→ **Work to complete**
For each line below that includes the word "Expected", make a copy.
========================================================================
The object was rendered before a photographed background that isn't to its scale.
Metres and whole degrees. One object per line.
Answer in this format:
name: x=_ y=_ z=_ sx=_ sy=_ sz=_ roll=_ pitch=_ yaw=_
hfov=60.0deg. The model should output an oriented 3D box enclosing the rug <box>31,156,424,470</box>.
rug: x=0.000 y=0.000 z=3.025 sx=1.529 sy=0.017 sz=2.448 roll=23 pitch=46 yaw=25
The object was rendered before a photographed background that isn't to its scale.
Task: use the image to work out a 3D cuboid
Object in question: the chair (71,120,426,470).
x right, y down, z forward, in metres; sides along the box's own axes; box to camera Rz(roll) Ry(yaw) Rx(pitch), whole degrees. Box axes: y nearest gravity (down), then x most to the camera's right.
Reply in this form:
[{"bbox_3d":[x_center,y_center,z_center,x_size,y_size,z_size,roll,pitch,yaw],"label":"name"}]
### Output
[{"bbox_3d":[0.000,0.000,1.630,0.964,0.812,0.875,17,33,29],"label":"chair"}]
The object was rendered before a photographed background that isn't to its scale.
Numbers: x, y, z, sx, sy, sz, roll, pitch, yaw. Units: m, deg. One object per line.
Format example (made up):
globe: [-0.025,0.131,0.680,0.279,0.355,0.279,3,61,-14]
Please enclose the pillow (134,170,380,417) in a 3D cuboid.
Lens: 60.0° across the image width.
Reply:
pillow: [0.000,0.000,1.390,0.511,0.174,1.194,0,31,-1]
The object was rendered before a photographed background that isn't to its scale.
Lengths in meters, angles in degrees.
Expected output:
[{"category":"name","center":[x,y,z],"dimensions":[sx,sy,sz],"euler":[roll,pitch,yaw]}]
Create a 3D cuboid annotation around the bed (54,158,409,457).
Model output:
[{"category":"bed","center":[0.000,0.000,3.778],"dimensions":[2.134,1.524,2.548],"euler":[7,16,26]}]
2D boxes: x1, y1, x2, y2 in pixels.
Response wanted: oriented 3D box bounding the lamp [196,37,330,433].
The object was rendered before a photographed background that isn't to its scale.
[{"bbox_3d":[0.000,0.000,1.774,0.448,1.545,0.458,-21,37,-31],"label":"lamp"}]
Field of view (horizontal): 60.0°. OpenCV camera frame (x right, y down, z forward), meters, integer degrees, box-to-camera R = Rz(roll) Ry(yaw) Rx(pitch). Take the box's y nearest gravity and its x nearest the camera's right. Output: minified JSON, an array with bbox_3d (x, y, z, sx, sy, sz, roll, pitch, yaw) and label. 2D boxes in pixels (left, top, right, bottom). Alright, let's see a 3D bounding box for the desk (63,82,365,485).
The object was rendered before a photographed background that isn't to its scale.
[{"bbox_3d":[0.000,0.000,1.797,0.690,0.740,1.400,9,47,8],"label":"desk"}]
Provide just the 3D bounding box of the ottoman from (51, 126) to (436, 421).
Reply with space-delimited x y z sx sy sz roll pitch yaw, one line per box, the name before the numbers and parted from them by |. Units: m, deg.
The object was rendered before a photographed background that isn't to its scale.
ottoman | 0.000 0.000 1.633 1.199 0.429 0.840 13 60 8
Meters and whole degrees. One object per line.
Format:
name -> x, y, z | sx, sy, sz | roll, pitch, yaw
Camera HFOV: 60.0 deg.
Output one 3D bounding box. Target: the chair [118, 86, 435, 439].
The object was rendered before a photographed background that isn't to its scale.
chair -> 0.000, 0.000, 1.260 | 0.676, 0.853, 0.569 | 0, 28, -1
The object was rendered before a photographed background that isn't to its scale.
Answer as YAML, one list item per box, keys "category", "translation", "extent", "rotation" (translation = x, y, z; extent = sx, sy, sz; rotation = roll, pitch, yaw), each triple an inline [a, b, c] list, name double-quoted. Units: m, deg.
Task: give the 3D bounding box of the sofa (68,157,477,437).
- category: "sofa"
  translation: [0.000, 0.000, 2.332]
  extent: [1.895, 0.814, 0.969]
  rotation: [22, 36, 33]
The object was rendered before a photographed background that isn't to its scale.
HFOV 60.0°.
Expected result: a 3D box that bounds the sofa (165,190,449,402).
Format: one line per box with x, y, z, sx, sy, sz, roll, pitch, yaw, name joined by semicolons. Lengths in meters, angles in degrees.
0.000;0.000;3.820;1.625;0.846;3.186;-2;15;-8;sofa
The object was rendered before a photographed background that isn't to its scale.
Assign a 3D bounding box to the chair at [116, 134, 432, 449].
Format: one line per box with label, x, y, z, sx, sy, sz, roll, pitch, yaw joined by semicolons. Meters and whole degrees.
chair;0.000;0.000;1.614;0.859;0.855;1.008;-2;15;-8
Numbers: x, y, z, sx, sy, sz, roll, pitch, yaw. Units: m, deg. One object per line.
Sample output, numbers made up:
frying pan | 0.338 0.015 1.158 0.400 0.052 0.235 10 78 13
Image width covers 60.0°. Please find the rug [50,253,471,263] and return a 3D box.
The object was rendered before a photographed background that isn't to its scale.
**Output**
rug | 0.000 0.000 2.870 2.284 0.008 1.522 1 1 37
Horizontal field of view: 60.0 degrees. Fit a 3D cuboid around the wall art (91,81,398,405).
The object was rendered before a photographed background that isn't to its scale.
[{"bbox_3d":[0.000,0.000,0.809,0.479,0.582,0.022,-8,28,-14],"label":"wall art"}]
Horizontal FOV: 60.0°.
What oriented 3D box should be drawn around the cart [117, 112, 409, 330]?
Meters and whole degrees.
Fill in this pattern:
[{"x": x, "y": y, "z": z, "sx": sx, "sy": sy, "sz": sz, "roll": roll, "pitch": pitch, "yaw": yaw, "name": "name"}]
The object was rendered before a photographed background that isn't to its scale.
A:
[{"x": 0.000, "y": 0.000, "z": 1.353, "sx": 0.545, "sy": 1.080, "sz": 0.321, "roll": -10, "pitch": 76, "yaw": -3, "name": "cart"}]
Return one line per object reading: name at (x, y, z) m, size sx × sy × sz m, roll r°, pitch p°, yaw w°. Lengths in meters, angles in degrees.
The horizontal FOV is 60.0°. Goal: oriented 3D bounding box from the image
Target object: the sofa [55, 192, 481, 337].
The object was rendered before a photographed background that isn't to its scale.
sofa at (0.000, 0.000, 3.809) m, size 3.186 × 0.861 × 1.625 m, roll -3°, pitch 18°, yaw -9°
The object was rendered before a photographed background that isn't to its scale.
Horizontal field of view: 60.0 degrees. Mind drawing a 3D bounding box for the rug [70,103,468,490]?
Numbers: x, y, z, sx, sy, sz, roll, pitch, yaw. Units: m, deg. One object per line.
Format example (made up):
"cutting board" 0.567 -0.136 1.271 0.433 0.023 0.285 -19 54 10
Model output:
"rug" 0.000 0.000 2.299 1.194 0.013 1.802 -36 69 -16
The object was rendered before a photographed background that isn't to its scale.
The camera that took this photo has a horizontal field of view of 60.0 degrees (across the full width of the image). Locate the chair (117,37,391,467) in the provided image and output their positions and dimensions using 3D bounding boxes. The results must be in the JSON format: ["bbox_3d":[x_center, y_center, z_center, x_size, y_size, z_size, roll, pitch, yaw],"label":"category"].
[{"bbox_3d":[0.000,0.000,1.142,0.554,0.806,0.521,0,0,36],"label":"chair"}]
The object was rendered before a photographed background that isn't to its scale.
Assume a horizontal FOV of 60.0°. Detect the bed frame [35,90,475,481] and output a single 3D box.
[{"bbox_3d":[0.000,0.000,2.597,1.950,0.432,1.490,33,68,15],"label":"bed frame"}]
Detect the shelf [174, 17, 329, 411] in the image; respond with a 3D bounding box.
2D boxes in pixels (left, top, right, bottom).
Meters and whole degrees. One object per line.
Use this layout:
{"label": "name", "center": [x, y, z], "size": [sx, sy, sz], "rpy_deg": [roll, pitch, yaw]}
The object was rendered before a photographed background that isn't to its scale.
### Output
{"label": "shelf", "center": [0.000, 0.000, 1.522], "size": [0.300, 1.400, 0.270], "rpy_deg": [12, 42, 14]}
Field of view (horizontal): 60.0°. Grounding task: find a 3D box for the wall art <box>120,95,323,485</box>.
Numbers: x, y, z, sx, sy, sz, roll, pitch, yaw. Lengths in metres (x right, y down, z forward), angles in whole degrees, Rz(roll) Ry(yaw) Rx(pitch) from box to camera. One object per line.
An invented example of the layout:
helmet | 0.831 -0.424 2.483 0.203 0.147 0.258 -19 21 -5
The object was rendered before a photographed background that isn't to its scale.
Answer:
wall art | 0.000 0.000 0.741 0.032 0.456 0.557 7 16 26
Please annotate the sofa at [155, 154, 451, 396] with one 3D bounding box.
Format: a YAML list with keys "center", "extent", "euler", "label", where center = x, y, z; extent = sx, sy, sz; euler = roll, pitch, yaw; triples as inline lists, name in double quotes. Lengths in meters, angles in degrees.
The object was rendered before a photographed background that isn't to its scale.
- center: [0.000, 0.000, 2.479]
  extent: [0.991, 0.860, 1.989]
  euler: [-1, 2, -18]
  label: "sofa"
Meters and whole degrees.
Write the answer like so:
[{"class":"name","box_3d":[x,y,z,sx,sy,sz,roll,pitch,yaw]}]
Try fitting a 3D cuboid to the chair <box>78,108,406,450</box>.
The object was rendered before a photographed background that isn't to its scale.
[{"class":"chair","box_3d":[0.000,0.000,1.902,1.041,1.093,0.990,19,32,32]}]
========================================================================
→ **Problem solution**
Expected output:
Expected result: a 3D box that bounds the sofa (165,190,449,402).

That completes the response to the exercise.